When the SWAT commander analyzed the information on the agency’s SWAT risk matrix, the request scored within the range for “optional SWAT deployment.” The SWAT commander asked for and received permission from the chief to activate the SWAT team. He also gathered his own information on the target house from the property tax records.
The commander briefed SWAT operators, then received “real-time intelligence that surveillance officers at the scene reported a truck pulling a white box trailer had pulled up in front of the target location.” After the commander reviewed a copy of the warrant and personally confirmed the address, the SWAT team drove to the neighborhood of the target house.
As the operators exited their vehicles, an officer pointed to the house with the truck and white trailer in front of it, and officers began their approach. As the SWAT team gathered on the front porch, however, the commander suddenly realized the house did not look like the house from intelligence photos. The SWAT team had assembled at 583 8th Street, not at the target house listed on the warrant as 573 8th Street.
The commander looked one house to the left and thought the front of that house looked like the house in the intel photos; this was also the wrong house. It was 593 8th Street, two doors down from the target house. Even so, the commander directed the team to the house just to their left. Operators ran up to the house, deployed flash bang munitions, broke and raked the front windows, and breached the door. The officers began a protective sweep. When they saw two women, they told them to get on the ground. Just as operators encountered an adult male, SWAT team members yelled “Wrong house!”
The SWAT team quickly left the second incorrectly identified house and proceeded to the third (and finally correct) house. After the target house was secured, the commander returned to the second house and called an ambulance for one of the women, Karen Jimerson, who had been injured when she was taken to the floor.

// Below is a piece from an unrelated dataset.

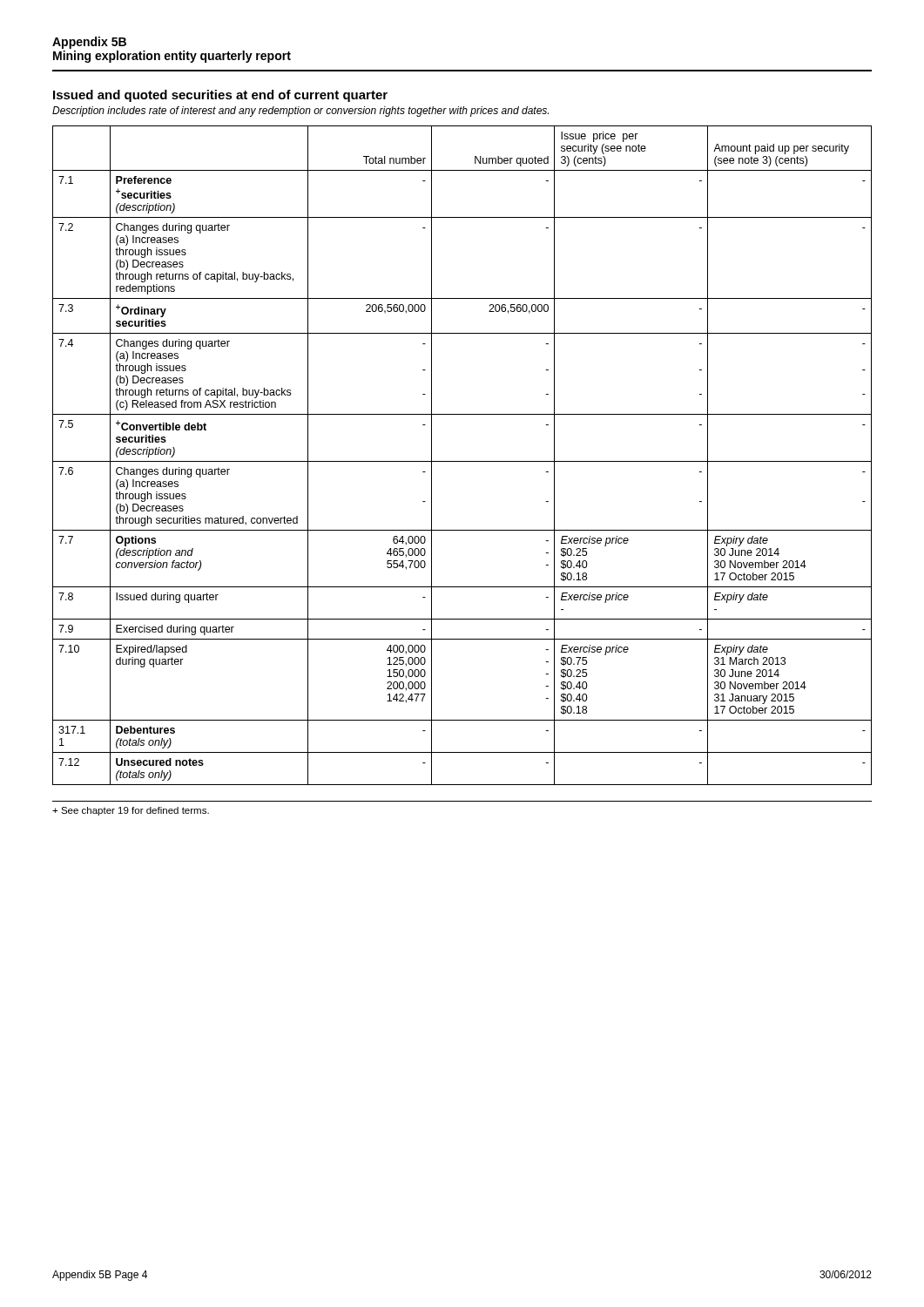Select the block starting "+ See chapter 19"
The width and height of the screenshot is (924, 1307).
pyautogui.click(x=131, y=811)
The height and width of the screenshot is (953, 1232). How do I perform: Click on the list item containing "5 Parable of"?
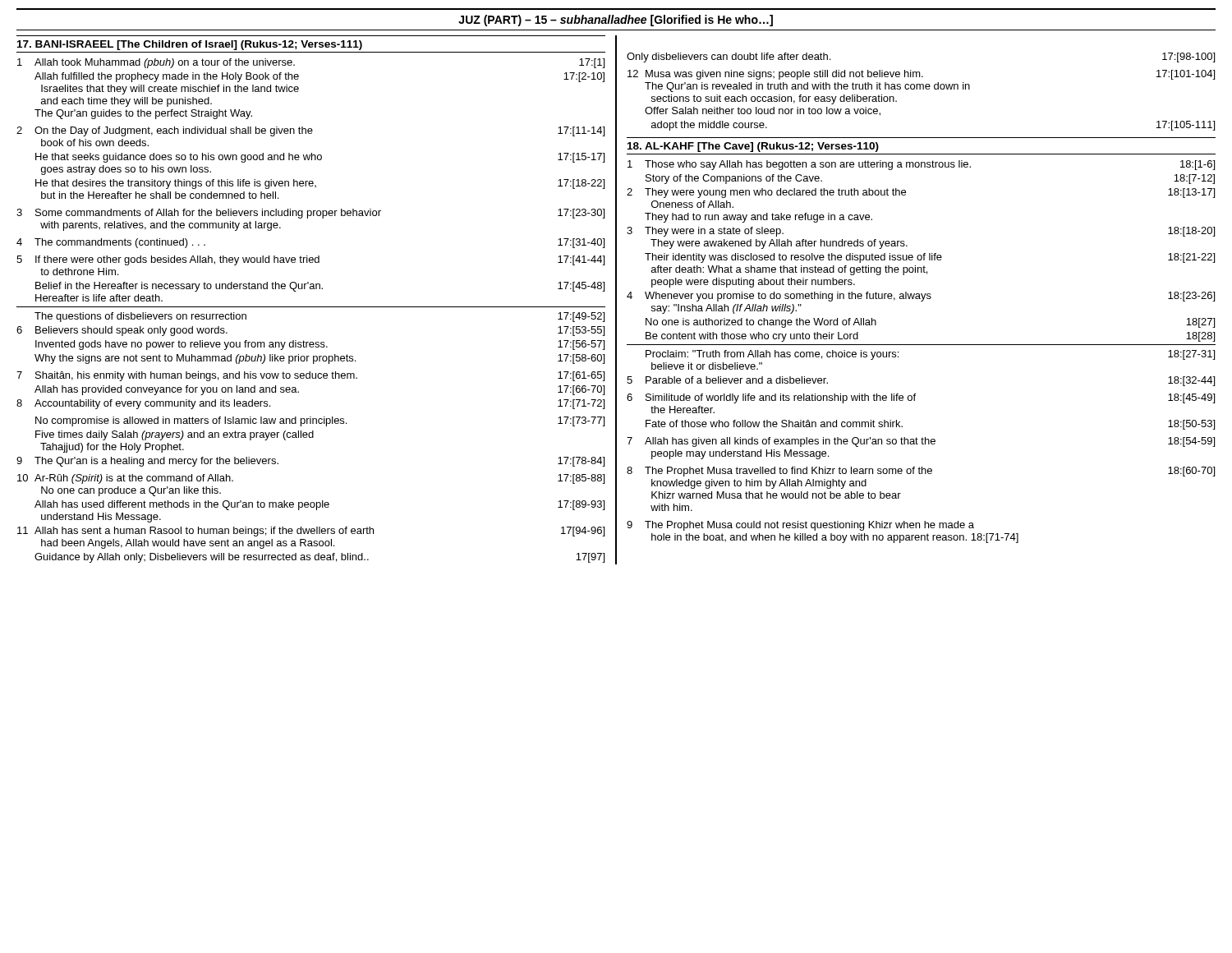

Jimerson sued the officers, alleging multiple Fourth Amendment and state law violations. The trial court denied qualified immunity for the SWAT team commander. However, the appellate court reversed. The court held that, while the commander’s efforts to identify the correct residence were deficient, they did not violate clearly established law. An internal investigation by the department concluded that “reasonable and normal protocol was completely overlooked.” The chief of police stated, “These kinds of mistakes should not happen,” and suspended the commander.
As the inimitable Gordon Graham says, predictable is preventable. Could the execution at the second wrong house have been prevented? One hopes this case will prompt every SWAT scout and commander to scout twice, flash bang once.